Slide View : Parallel Computer Architecture and Programming : 15-418/618 Fall 2016

Previous | Next --- Slide 10 of 63

Iamme

I'm a little confused as to why the 4D blocking reduces time spent on communication between tasks. Doesn't every block need to access the same elements regardless of which order it accesses them in? Or is order key? Also how does this relate to cache blocks? Thanks!

tommywow

In terms of cache locality, it reduces a lot of misses in a 4D array layout. That is because each processor can fetch a chunk of memory and in the 4D array layout, the data is going to be in the same block. In the 2D row-major array layout, when a chunk of data is fetched, say the first row, the data is distributed over 4 different blocks, while the 4D array version won't have this problem.

Iamme

By blocks do you mean cache blocks?
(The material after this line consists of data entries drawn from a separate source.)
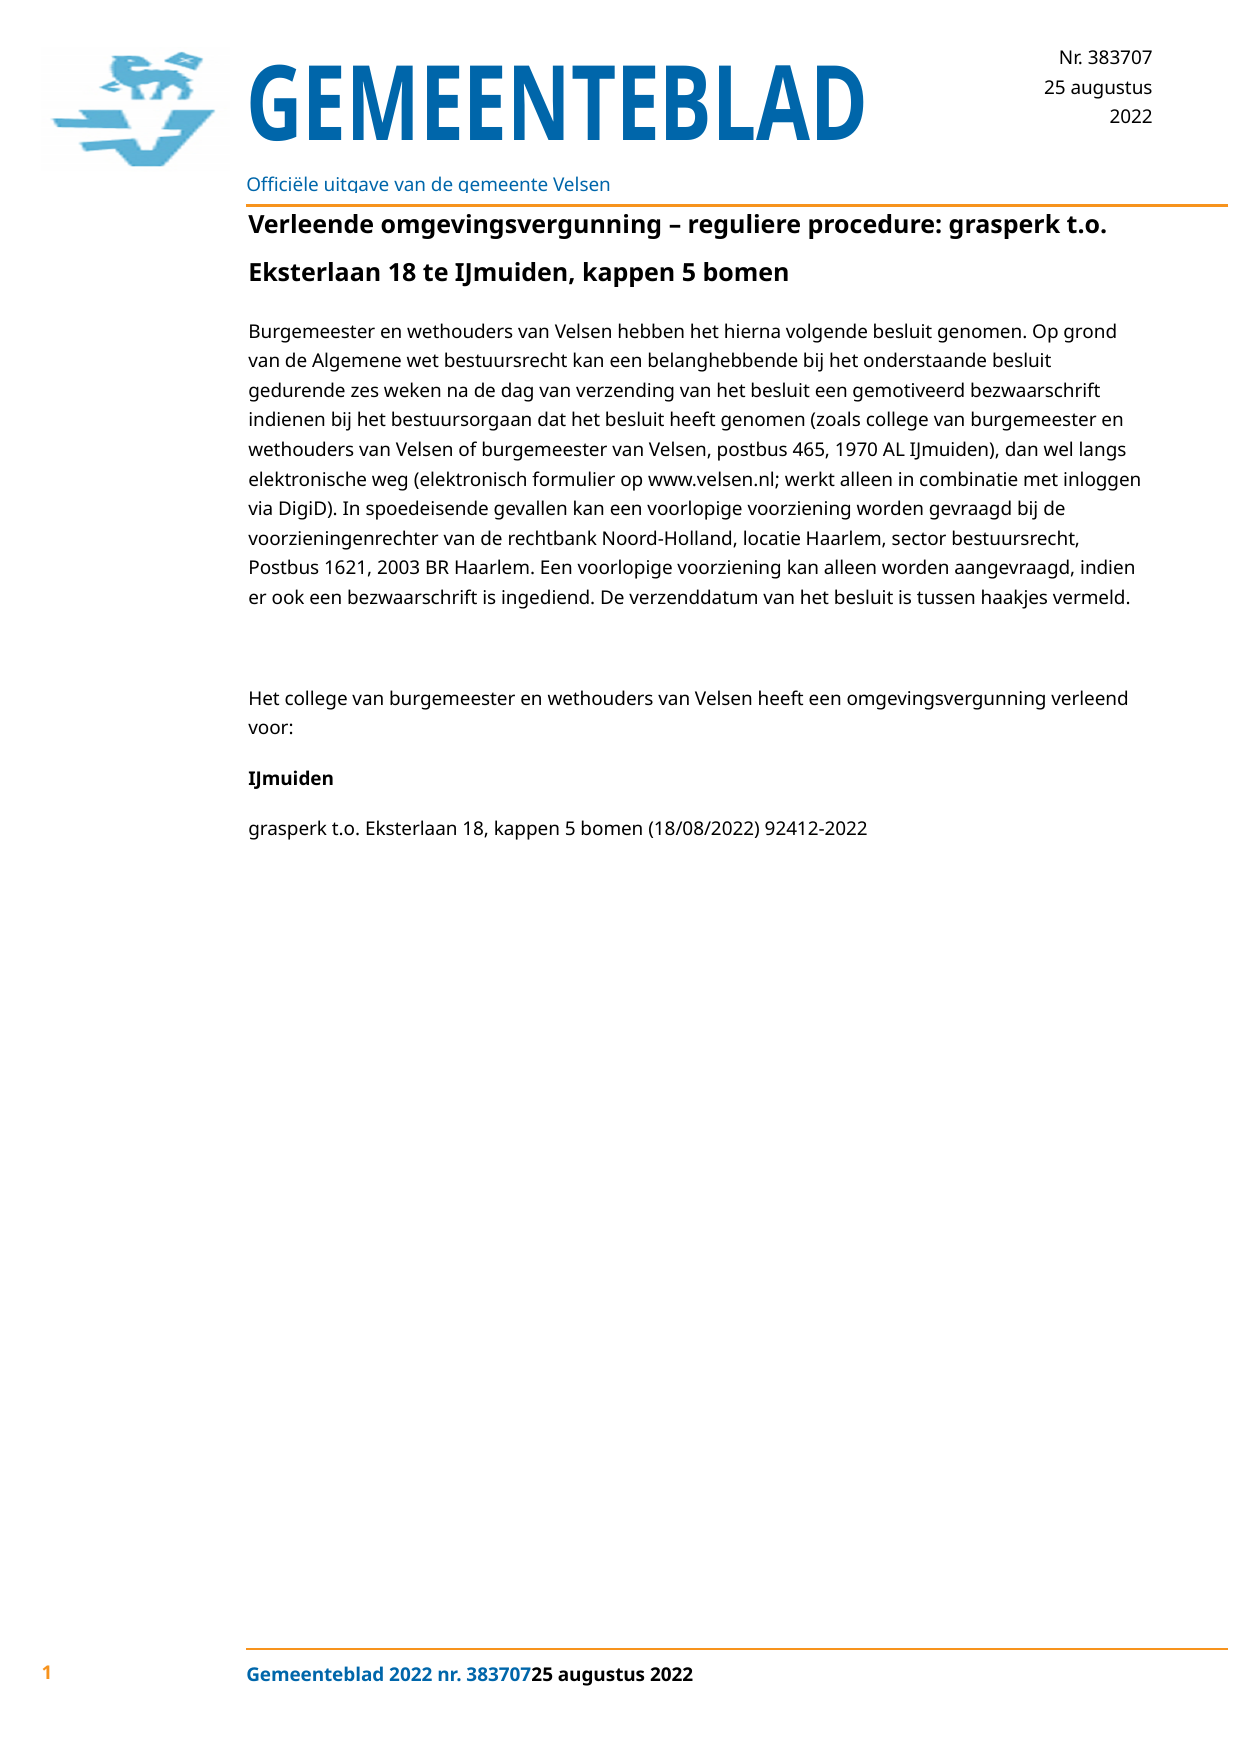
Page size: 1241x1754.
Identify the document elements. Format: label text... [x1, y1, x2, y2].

text IJmuiden [248, 765, 1152, 791]
text Verleende omgevingsvergunning – reguliere procedure: grasperk t.o. Eksterlaan 18 te IJmuiden, kappen 5 bomen [248, 207, 1152, 288]
text Het college van burgemeester en wethouders van Velsen heeft een omgevingsvergunning verleend voor: [248, 685, 1152, 740]
text Burgemeester en wethouders van Velsen hebben het hierna volgende besluit genomen. Op grond van de Algemene wet bestuursrecht kan een belanghebbende bij het onderstaande besluit gedurende zes weken na de dag van verzending van het besluit een gemotiveerd bezwaarschrift indienen bij het bestuursorgaan dat het besluit heeft genomen (zoals college van burgemeester en wethouders van Velsen of burgemeester van Velsen, postbus 465, 1970 AL IJmuiden), dan wel langs elektronische weg (elektronisch formulier op www.velsen.nl; werkt alleen in combinatie met inloggen via DigiD). In spoedeisende gevallen kan een voorlopige voorziening worden gevraagd bij de voorzieningenrechter van de rechtbank Noord-Holland, locatie Haarlem, sector bestuursrecht, Postbus 1621, 2003 BR Haarlem. Een voorlopige voorziening kan alleen worden aangevraagd, indien er ook een bezwaarschrift is ingediend. De verzenddatum van het besluit is tussen haakjes vermeld. [248, 318, 1152, 610]
text grasperk t.o. Eksterlaan 18, kappen 5 bomen (18/08/2022) 92412-2022 [248, 815, 1152, 841]
picture [41, 47, 231, 172]

Where are you imagining the separations between cache blocks?

Maybe I'm mis-remembering things learned in 213, but I thought that normally a row of a matrix is most likely to share a cache block because it's a contiguous block of memory. So the different rows belonging to a processor in the 4D arrangement will probably not be in the same cache block.

jmackama

@lamme contiguous only works in your favor up until the block size, at which point the indexing and associativity matter more. Using a 4D arrangement allows you to hit more distinct indices if done right.

hanzhoul

4D memory layout can also be useful in reducing overhead between threads. Reducing memory accessing time can reduce the possibility that two threads have big difference in memory loading.